> _Assignment_
Retype the records below exactly as they stand, omitting the pictures.

Input material below:

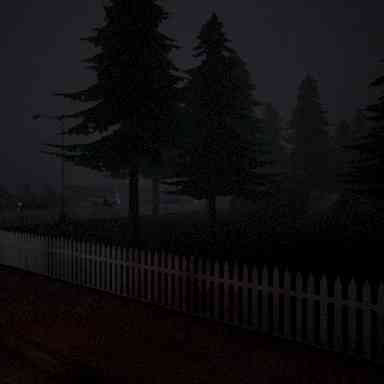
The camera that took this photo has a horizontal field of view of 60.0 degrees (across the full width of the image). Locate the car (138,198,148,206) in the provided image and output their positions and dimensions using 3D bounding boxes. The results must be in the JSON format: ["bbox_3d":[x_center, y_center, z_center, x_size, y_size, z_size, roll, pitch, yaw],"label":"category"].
[{"bbox_3d":[-6.785,1.492,54.088,2.128,1.511,4.902,0,0,35],"label":"car"}]

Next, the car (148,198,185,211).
[{"bbox_3d":[-2.724,1.477,41.094,1.882,1.535,5.008,0,0,34],"label":"car"}]

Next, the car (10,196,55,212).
[{"bbox_3d":[-18.018,1.352,37.625,2.097,1.767,4.553,0,0,34],"label":"car"}]

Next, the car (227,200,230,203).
[{"bbox_3d":[6.850,1.478,61.426,1.882,1.535,5.008,0,0,34],"label":"car"}]

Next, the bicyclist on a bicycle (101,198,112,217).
[{"bbox_3d":[-7.164,1.302,27.830,1.656,1.620,0.582,0,0,34],"label":"bicyclist on a bicycle"}]

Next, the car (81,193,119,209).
[{"bbox_3d":[-12.522,1.222,45.700,2.150,2.045,5.566,0,0,34],"label":"car"}]
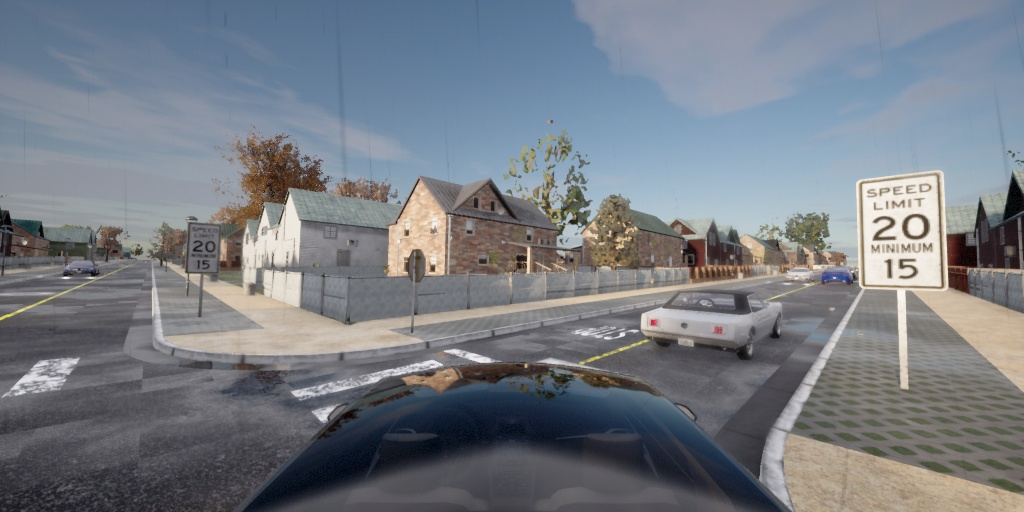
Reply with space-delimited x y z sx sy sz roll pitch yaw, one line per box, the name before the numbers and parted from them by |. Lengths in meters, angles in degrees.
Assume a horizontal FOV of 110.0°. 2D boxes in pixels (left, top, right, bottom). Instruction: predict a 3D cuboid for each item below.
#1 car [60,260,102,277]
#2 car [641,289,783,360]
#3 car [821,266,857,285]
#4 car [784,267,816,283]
car | -40.003 1.130 33.408 4.674 1.442 1.812 0 -3 45
car | 5.025 1.441 8.633 4.718 1.301 1.895 1 -2 -44
car | 28.917 1.719 31.859 5.008 1.535 1.882 1 -2 -44
car | 28.325 1.855 35.207 4.674 1.442 1.812 1 -2 -44

End of Input material.

> _Response box_
The camera that took this photo has a horizontal field of view of 60.0 degrees (across the full width of the image). Locate the car (138,198,148,206) in the provided image and output their positions and dimensions using 3D bounding boxes. The results must be in the JSON format: ["bbox_3d":[x_center, y_center, z_center, x_size, y_size, z_size, roll, pitch, yaw],"label":"category"].
[{"bbox_3d":[-6.785,1.492,54.088,2.128,1.511,4.902,0,0,35],"label":"car"}]

Next, the car (148,198,185,211).
[{"bbox_3d":[-2.724,1.477,41.094,1.882,1.535,5.008,0,0,34],"label":"car"}]

Next, the car (10,196,55,212).
[{"bbox_3d":[-18.018,1.352,37.625,2.097,1.767,4.553,0,0,34],"label":"car"}]

Next, the car (227,200,230,203).
[{"bbox_3d":[6.850,1.478,61.426,1.882,1.535,5.008,0,0,34],"label":"car"}]

Next, the bicyclist on a bicycle (101,198,112,217).
[{"bbox_3d":[-7.164,1.302,27.830,1.656,1.620,0.582,0,0,34],"label":"bicyclist on a bicycle"}]

Next, the car (81,193,119,209).
[{"bbox_3d":[-12.522,1.222,45.700,2.150,2.045,5.566,0,0,34],"label":"car"}]
Reply with space-delimited x y z sx sy sz roll pitch yaw, one line per box, the name before the numbers and parted from them by |. Lengths in meters, angles in degrees.
Assume a horizontal FOV of 110.0°. 2D boxes in pixels (left, top, right, bottom). Instruction: predict a 3D cuboid for each item below.
#1 car [60,260,102,277]
#2 car [641,289,783,360]
#3 car [821,266,857,285]
#4 car [784,267,816,283]
car | -40.003 1.130 33.408 4.674 1.442 1.812 0 -3 45
car | 5.025 1.441 8.633 4.718 1.301 1.895 1 -2 -44
car | 28.917 1.719 31.859 5.008 1.535 1.882 1 -2 -44
car | 28.325 1.855 35.207 4.674 1.442 1.812 1 -2 -44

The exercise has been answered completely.